**Directions for this task:** Please return the listing exactly as it stands, skipping any pictures.

**Provided material:**
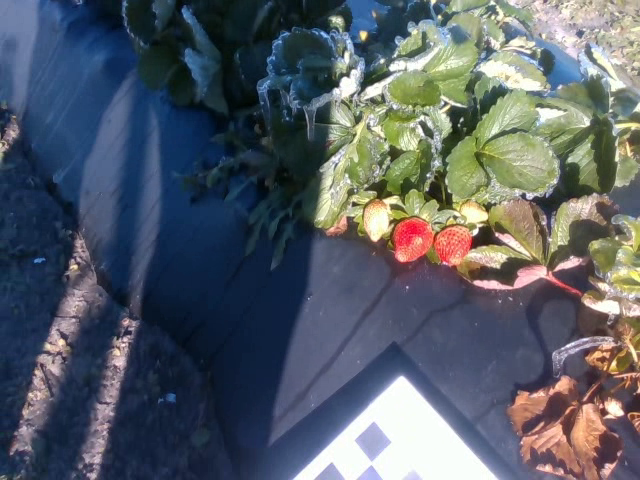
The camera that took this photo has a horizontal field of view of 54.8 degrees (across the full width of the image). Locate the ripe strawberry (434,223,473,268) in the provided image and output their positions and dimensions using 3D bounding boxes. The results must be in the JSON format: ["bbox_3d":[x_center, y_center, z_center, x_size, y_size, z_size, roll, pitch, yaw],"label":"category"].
[{"bbox_3d":[0.117,0.006,0.532,0.036,0.041,0.030,-21,-34,15],"label":"ripe strawberry"}]

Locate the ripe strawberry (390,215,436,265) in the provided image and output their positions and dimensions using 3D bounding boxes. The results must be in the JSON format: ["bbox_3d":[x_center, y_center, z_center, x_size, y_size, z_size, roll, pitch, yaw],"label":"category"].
[{"bbox_3d":[0.077,0.005,0.530,0.036,0.040,0.052,3,33,25],"label":"ripe strawberry"}]

**Response to the exercise:**
The camera that took this photo has a horizontal field of view of 54.8 degrees (across the full width of the image). Locate the ripe strawberry (434,223,473,268) in the provided image and output their positions and dimensions using 3D bounding boxes. The results must be in the JSON format: ["bbox_3d":[x_center, y_center, z_center, x_size, y_size, z_size, roll, pitch, yaw],"label":"category"].
[{"bbox_3d":[0.117,0.006,0.532,0.036,0.041,0.030,-21,-34,15],"label":"ripe strawberry"}]

Locate the ripe strawberry (390,215,436,265) in the provided image and output their positions and dimensions using 3D bounding boxes. The results must be in the JSON format: ["bbox_3d":[x_center, y_center, z_center, x_size, y_size, z_size, roll, pitch, yaw],"label":"category"].
[{"bbox_3d":[0.077,0.005,0.530,0.036,0.040,0.052,3,33,25],"label":"ripe strawberry"}]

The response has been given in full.